Sarah Moffat, of Churchill Crescent, Sonning Common, said: “A high proportion of dogs will chase wildlife and owners lose control of them in these situations. This often results in dogs being kept on the lead. I believe a secure dog park where there is a safe opportunity for dogs to be able to run free will improve their welfare and give their owners a chance to walk their dogs without fear of negative consequences.
“This must be a benefit for our community with an increased opportunity for leisure time with dogs.”
Veterinary nurse Caroline Gibson, from Woodcote, said: “This is a fantastic idea. For those dogs that are nervous of other dogs in training or like to run off this will be an important safe area, allowing owners to relax.
“For new owners it gives them the freedom to walk their dog(s) with no worries. For others, knowing that there will not be opportunity for their dog to scavenge is also a relief.”
But cricket club secretary David New, of Holyrood Close, Caversham, said: “We are strongly opposed to this proposed development. There is simply no need for such a high fence in the AONB.
“[It would] be completely out of character and severely affect the environment and general enjoyment of the cricket pavilion and surrounding grounds.
“I would also make the point that if the proposed car park is full, users are more than likely to use the pavilion car park. If this becomes extremely busy and fills up quickly, it will inevitably lead to increased noise and complaints from local residents when junior parents, visiting teams and officials are forced to park in the local unmade roads.”
Tom Sheldon, who has been a member of the cricket club for more than 20 years, said: “I have very much enjoyed the far-reaching views from the pavilion. Will these now be impacted by the installation of a 6ft stock fence in this AONB?”

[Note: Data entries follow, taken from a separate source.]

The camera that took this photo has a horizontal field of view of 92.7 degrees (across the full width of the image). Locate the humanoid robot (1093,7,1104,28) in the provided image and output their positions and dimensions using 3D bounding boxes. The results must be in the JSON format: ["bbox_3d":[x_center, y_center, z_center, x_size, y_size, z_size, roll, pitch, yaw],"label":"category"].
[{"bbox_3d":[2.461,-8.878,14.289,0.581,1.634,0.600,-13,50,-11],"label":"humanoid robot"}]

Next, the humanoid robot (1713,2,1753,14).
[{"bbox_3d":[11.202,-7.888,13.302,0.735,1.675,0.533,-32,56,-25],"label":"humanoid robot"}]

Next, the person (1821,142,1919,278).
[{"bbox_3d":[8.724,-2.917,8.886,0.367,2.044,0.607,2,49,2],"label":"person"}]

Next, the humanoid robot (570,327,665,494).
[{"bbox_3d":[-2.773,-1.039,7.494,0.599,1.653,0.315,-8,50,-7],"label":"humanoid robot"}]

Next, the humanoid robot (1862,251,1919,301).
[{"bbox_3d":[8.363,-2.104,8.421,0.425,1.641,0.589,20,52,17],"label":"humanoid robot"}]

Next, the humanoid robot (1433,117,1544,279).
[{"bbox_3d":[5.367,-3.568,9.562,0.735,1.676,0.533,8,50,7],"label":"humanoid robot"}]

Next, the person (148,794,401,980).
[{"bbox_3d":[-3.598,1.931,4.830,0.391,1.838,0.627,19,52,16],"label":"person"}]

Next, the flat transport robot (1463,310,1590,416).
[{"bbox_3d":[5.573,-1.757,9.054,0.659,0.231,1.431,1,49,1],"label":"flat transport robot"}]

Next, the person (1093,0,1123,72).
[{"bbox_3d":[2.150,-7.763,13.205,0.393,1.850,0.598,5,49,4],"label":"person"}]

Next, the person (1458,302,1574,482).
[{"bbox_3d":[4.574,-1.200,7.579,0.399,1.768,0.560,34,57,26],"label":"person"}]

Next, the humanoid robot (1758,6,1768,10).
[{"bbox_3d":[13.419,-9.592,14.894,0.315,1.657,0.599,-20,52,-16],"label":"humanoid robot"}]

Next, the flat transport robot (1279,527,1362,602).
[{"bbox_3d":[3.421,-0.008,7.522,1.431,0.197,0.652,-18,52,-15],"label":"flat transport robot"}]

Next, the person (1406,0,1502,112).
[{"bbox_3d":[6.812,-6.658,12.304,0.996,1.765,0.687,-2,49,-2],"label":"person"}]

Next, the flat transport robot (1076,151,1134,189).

Former club chairman John Sheldon, of Clifton Park Road, Caversham, said: “I am very concerned the application does not recognise the long standing arrangement for access from the playing field to the adjacent field to retrieve the occasional ball hit for six when senior matches are held on weekends.
“The proposed 1.8m deer fence would change the feel and character of our well-used and beautiful recreation ground.”
The playing fields committee, which is responsible for the cricket pitch and works with the club and parish council, said: “We continue to have reservations about 1.8m fencing and the scrubland and wish to maintain the long-standing neighbourly access to the field to retrieve balls during games.
“The cricket club has a high reputation within the Thames Valley Cricket League, scoring maximum points for its outfield, cricket square, facilities and hospitality.
“In spite of all the difficulties of running voluntary organisations, it continues to run successfully and is expanding its junior and female membership. This would be under threat should the long-standing access to retrieve balls from the field be no longer available.”
The committee said the fence would also prevent the natural migration of wild mammals between Wyfold and Charterfield woods rather than encouraging it.
The Campaign to Protect Rural England said that the existing hedging should be maintained or increased to the height of the fence and new screening should be a condition of planning permission if it was granted.